→ **Task prompt**: Transcribe each record exactly, but omit pictures.

Extracted data entries
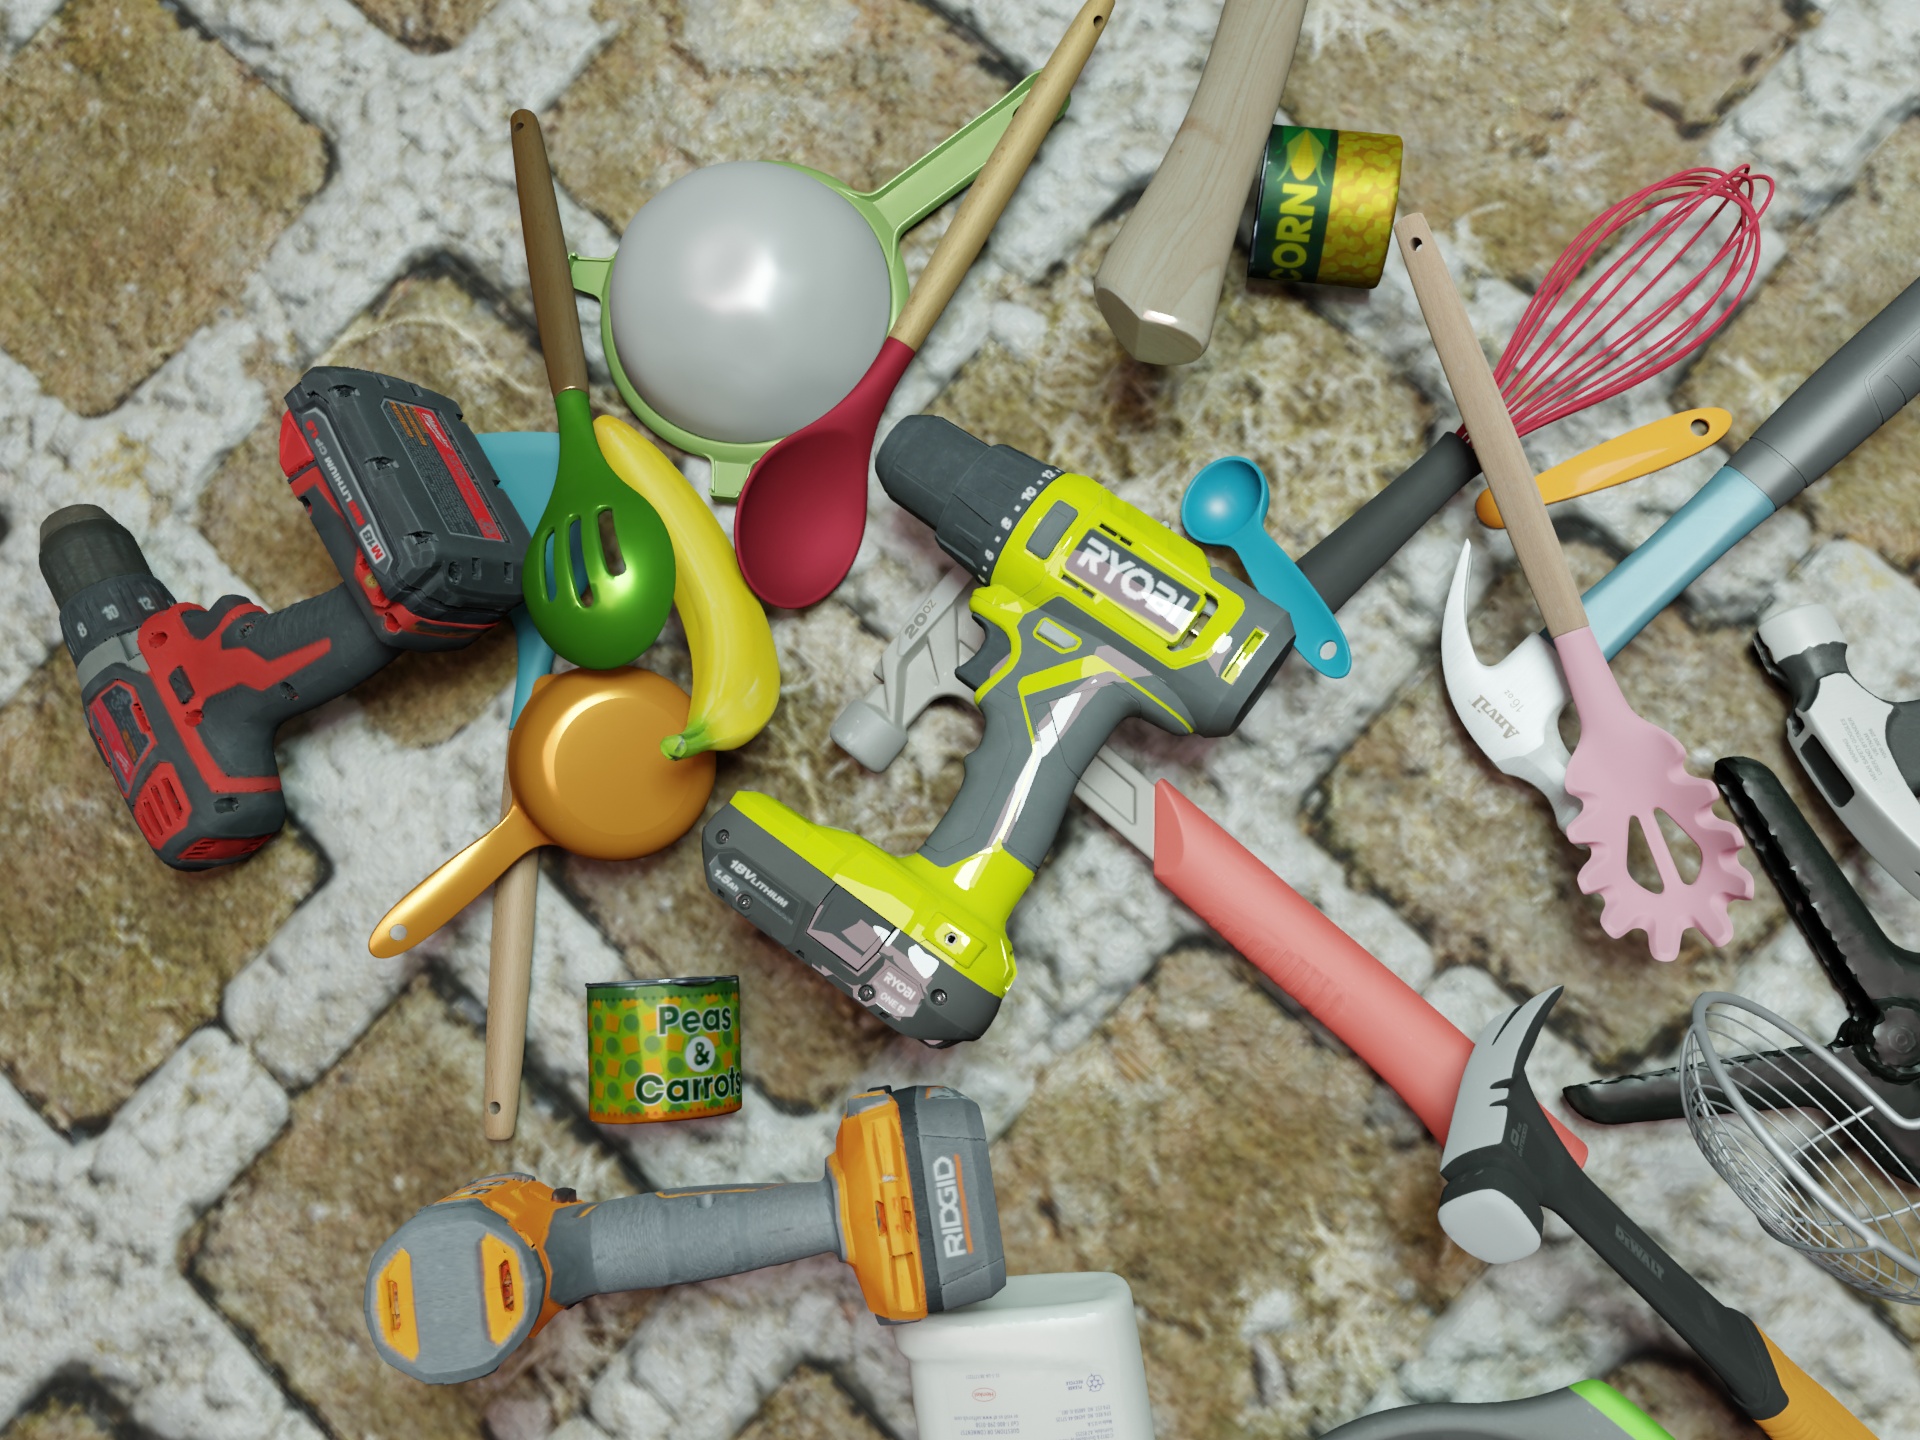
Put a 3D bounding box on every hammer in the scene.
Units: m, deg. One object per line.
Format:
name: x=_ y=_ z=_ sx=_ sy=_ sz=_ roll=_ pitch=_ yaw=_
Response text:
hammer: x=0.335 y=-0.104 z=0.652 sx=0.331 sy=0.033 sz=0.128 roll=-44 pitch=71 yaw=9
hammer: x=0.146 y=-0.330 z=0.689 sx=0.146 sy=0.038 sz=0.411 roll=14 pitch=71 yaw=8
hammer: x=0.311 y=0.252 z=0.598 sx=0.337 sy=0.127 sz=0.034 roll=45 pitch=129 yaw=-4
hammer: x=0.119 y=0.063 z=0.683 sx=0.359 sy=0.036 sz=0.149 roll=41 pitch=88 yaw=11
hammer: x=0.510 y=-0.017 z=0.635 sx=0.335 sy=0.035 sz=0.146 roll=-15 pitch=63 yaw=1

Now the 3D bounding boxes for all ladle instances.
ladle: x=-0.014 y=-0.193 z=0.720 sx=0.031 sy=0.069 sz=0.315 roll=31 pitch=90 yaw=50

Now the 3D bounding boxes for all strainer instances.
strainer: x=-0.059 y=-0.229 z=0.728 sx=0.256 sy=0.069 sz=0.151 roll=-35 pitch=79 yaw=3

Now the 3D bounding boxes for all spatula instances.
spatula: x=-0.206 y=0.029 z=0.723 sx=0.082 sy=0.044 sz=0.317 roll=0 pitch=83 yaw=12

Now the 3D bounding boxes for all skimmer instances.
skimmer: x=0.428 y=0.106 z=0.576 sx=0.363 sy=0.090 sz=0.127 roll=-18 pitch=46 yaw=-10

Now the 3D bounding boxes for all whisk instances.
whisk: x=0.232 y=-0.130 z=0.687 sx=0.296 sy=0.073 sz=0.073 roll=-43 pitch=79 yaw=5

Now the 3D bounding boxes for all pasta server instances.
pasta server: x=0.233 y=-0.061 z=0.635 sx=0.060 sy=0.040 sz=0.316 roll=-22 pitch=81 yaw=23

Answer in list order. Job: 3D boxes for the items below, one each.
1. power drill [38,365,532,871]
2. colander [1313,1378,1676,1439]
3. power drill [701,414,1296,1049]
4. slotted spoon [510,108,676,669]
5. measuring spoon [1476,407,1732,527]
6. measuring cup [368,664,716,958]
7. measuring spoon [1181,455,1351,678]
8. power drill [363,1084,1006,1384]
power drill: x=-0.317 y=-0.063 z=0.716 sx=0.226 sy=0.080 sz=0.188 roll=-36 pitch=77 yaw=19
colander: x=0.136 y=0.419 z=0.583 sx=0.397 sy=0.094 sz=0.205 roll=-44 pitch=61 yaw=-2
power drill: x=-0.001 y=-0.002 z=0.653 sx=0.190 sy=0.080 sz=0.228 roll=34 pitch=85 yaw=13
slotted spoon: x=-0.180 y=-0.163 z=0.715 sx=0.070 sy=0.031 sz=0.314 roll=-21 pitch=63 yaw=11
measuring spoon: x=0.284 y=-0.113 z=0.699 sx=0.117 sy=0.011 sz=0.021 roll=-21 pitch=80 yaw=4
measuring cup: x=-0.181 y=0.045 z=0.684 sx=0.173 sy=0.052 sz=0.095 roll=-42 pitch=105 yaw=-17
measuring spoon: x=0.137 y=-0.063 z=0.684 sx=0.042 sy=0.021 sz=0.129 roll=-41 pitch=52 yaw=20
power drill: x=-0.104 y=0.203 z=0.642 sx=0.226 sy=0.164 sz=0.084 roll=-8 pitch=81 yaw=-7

→ **Response to the task**:
Put a 3D bounding box on every hammer in the scene.
Units: m, deg. One object per line.
Format:
name: x=_ y=_ z=_ sx=_ sy=_ sz=_ roll=_ pitch=_ yaw=_
Response text:
hammer: x=0.335 y=-0.104 z=0.652 sx=0.331 sy=0.033 sz=0.128 roll=-44 pitch=71 yaw=9
hammer: x=0.146 y=-0.330 z=0.689 sx=0.146 sy=0.038 sz=0.411 roll=14 pitch=71 yaw=8
hammer: x=0.311 y=0.252 z=0.598 sx=0.337 sy=0.127 sz=0.034 roll=45 pitch=129 yaw=-4
hammer: x=0.119 y=0.063 z=0.683 sx=0.359 sy=0.036 sz=0.149 roll=41 pitch=88 yaw=11
hammer: x=0.510 y=-0.017 z=0.635 sx=0.335 sy=0.035 sz=0.146 roll=-15 pitch=63 yaw=1

Now the 3D bounding boxes for all ladle instances.
ladle: x=-0.014 y=-0.193 z=0.720 sx=0.031 sy=0.069 sz=0.315 roll=31 pitch=90 yaw=50

Now the 3D bounding boxes for all strainer instances.
strainer: x=-0.059 y=-0.229 z=0.728 sx=0.256 sy=0.069 sz=0.151 roll=-35 pitch=79 yaw=3

Now the 3D bounding boxes for all spatula instances.
spatula: x=-0.206 y=0.029 z=0.723 sx=0.082 sy=0.044 sz=0.317 roll=0 pitch=83 yaw=12

Now the 3D bounding boxes for all skimmer instances.
skimmer: x=0.428 y=0.106 z=0.576 sx=0.363 sy=0.090 sz=0.127 roll=-18 pitch=46 yaw=-10

Now the 3D bounding boxes for all whisk instances.
whisk: x=0.232 y=-0.130 z=0.687 sx=0.296 sy=0.073 sz=0.073 roll=-43 pitch=79 yaw=5

Now the 3D bounding boxes for all pasta server instances.
pasta server: x=0.233 y=-0.061 z=0.635 sx=0.060 sy=0.040 sz=0.316 roll=-22 pitch=81 yaw=23

Answer in list order. Job: 3D boxes for the items below, one each.
1. power drill [38,365,532,871]
2. colander [1313,1378,1676,1439]
3. power drill [701,414,1296,1049]
4. slotted spoon [510,108,676,669]
5. measuring spoon [1476,407,1732,527]
6. measuring cup [368,664,716,958]
7. measuring spoon [1181,455,1351,678]
8. power drill [363,1084,1006,1384]
power drill: x=-0.317 y=-0.063 z=0.716 sx=0.226 sy=0.080 sz=0.188 roll=-36 pitch=77 yaw=19
colander: x=0.136 y=0.419 z=0.583 sx=0.397 sy=0.094 sz=0.205 roll=-44 pitch=61 yaw=-2
power drill: x=-0.001 y=-0.002 z=0.653 sx=0.190 sy=0.080 sz=0.228 roll=34 pitch=85 yaw=13
slotted spoon: x=-0.180 y=-0.163 z=0.715 sx=0.070 sy=0.031 sz=0.314 roll=-21 pitch=63 yaw=11
measuring spoon: x=0.284 y=-0.113 z=0.699 sx=0.117 sy=0.011 sz=0.021 roll=-21 pitch=80 yaw=4
measuring cup: x=-0.181 y=0.045 z=0.684 sx=0.173 sy=0.052 sz=0.095 roll=-42 pitch=105 yaw=-17
measuring spoon: x=0.137 y=-0.063 z=0.684 sx=0.042 sy=0.021 sz=0.129 roll=-41 pitch=52 yaw=20
power drill: x=-0.104 y=0.203 z=0.642 sx=0.226 sy=0.164 sz=0.084 roll=-8 pitch=81 yaw=-7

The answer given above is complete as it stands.